Technologies are making it ever easier for clinicians to work remotely. But their needs will challenge vendors.
“As access extends outside the hospital network, software developers must ensure their applications perform well on low-bandwidth networks, often with poor latency,” said Don Dennison, director of eHealth and regional health business for Agfa Healthcare.
Agfa is one of the major players moving toward ultrathin- and zeroclient applications. At the 2008 RSNA meeting, Agfa unveiled a work-inprogress zero-client solution that allows viewing of medical images, reports, and other multimedia content without any software download to the client.
The good news is that ultrathinclient technology is improving steadily, and trade-off gaps are beginning to shrink. Wang acknowledged there may be a few features and functions that are inaccessible with ultrathin applications simply because they require so many resources in terms of RAM and CPU power. But ultrathin applications are designed to satisfy the needs of the majority of customers, he said.
“It's been proven that thin clients can deliver the same or better functionality than fat clients, with more flexibility and much less IT overhead,” Wang said.
Adoption by mainstream radiology until now has been cautious.
“Thin-client technology is still in its infancy in terms of market adoption in radiology,” Daher said.
Adoption of thin-client architectures may be the rare case in which radiology lags behind healthcare IT in general, he said.

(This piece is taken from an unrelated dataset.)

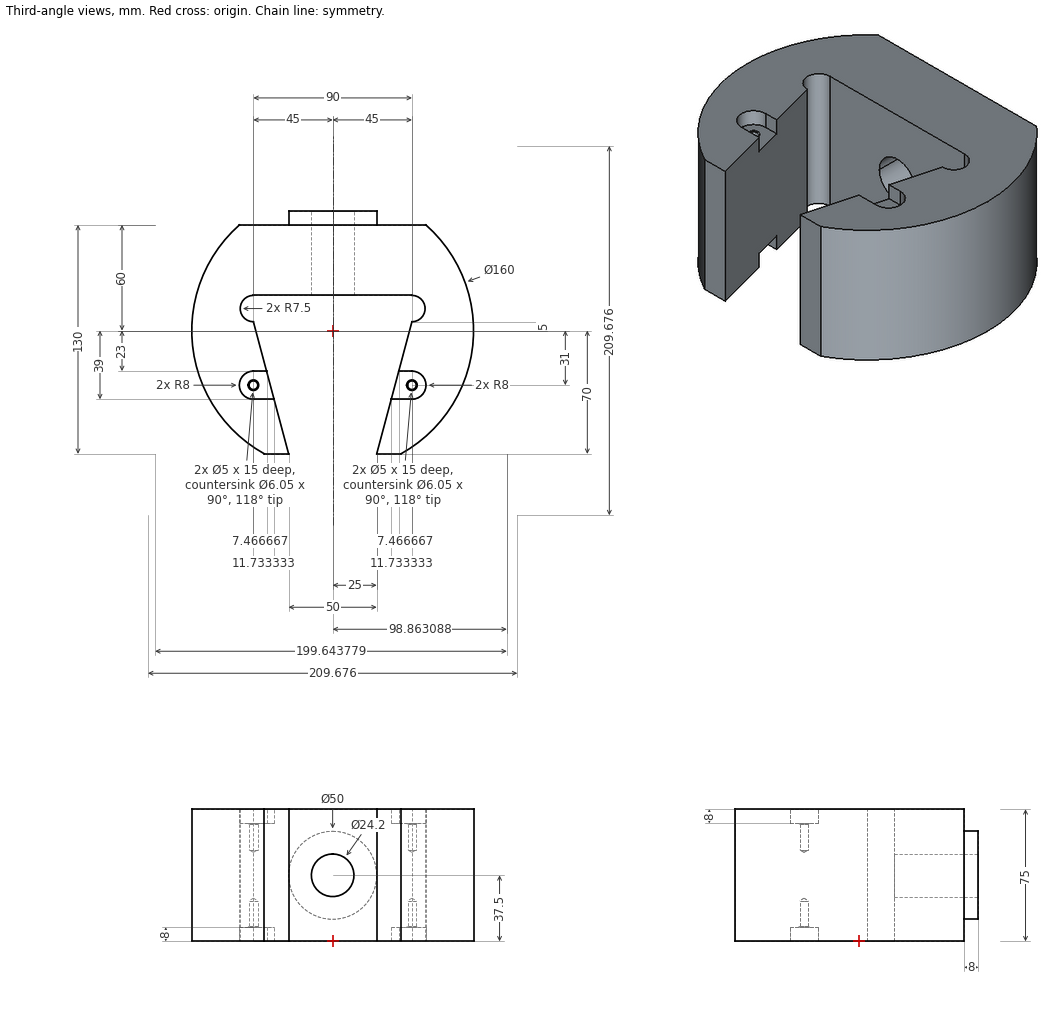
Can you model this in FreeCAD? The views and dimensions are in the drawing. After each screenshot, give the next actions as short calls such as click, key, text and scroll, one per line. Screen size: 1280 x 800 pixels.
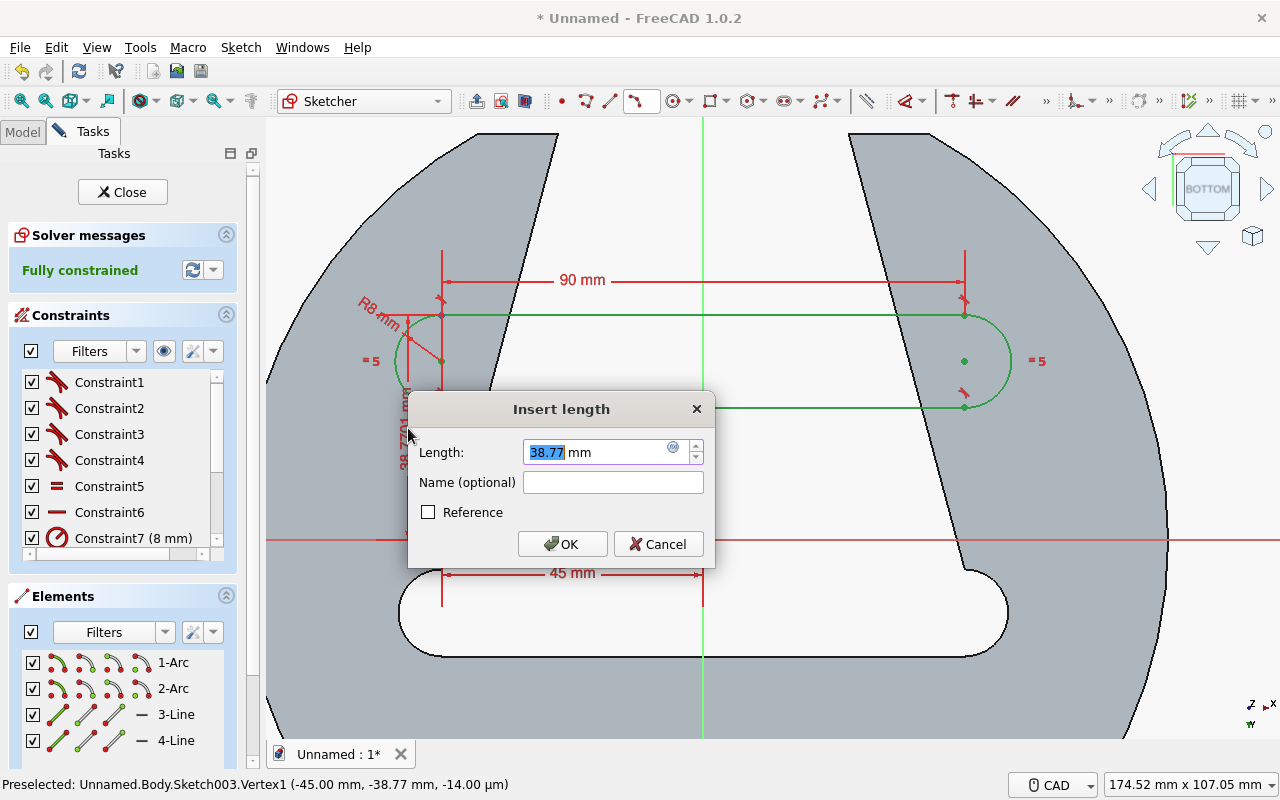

“Lightweight information-based systems are easier to deploy over thin clients than data-intensive imagebased radiology applications,” he said.
While thin- and ultrathin-client technologies may not be the perfect mate for radiology in all cases, the industry is beginning to see image viewers and other rich applications using thin-client and ultrathin-client architectures. It is just within the last few months that all hardware and software pieces have come together to make a strong, robust solution that
IT departments could implement. Changes in software licensing models and decreases in hardware costs now make it a compelling strategy.
Thin-client architectures until recently have been marketed mainly by niche players, but several major radiology vendors are now maneuvering in the direction of thinner and thinner client solutions.
Some firms, like Fujifilm, have predicated their technological future on the Internet as the conduit for all clinical data.
“This is not just because of the success of cloud computing models, but because some of the most innovative concepts in computing and communication technology have come from web solutions,” Morgan said.
Philips sees the need for what were once considered specialty applications, such as 3D and dynamic volume data sets.
“These are now considered mandatory for nearly all users of electronic medical records,” Long said.
Philips intends to replace its existing thin-client iSite Enterprise application with a true ultrathin solution, he said. “Ideally, no install will be required,” he said.
One of the drivers behind radiology's interest in ultrathin-client solutions is the technology's positive impact on business. As radiology practices grow their business, they need to leverage their radiologists while attracting and maintaining a referring physician base.
“Simple thin and ultrathin clients help radiology practices achieve both objectives,” Wang said.